Interactive slice WIM: Navigating and interrogating volume data sets using a multisurface, multitouch VR interface

Dane Coffey, Nicholas Malbraaten, Trung B Le, Iman Borazjani, Fotis Sotiropoulos, Arthur G Erdman, Daniel F Keefe

Research output: Contribution to journalArticlepeer-review

72 Scopus citations


We present Interactive Slice World-in-Miniature (WIM), a framework for navigating and interrogating volumetric data sets using an interface enabled by a virtual reality environment made of two display surfaces: an interactive multitouch table, and a stereoscopic display wall. The framework addresses two current challenges in immersive visualization: 1) providing an appropriate overview+detail style of visualization while navigating through volume data, and 2) supporting interactive querying and data exploration, i.e., interrogating volume data.
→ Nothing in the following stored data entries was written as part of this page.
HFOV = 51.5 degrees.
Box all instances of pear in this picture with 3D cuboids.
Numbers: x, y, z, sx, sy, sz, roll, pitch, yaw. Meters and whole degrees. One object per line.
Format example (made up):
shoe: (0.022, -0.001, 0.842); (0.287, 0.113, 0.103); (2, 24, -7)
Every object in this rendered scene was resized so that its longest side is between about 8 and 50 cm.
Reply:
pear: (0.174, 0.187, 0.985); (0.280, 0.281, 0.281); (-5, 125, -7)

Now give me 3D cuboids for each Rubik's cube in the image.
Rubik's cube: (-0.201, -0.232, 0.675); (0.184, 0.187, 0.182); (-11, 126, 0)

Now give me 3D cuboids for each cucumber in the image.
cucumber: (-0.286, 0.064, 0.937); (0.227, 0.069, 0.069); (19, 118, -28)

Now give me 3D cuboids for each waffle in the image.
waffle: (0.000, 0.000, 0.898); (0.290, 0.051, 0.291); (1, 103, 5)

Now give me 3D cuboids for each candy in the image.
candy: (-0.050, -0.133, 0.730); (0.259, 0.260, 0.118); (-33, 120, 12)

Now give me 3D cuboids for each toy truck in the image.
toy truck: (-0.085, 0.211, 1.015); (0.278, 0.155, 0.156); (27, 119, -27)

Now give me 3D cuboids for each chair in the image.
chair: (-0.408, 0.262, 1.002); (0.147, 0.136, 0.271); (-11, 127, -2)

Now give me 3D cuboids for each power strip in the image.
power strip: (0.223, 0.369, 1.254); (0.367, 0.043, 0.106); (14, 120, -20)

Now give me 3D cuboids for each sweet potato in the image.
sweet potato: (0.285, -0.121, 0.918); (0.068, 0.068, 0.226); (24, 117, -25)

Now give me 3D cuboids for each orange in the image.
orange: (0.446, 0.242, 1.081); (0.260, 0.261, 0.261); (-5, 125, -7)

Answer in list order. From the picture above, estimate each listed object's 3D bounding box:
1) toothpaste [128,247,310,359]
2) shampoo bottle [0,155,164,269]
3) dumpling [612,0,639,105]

The approach extends the WIM metaphor, simultaneously displaying a large-scale detailed data visualization and an interactive miniature. Leveraging the table+wall hardware, horizontal slices are projected (like a shadow) down onto the table surface, providing a useful 2D data overview to complement the 3D views as well as a data context for interpreting 2D multitouch gestures made on the table. In addition to enabling effective navigation through complex geometries, extensions to the core Slice WIM technique support interacting with a set of multiple slices that persist on the table even as the user navigates around a scene and annotating and measuring data via points, paths, and volumes specified using interactive slices. Applications of the interface to two volume data sets are presented, and design decisions, limitations, and user feedback are discussed.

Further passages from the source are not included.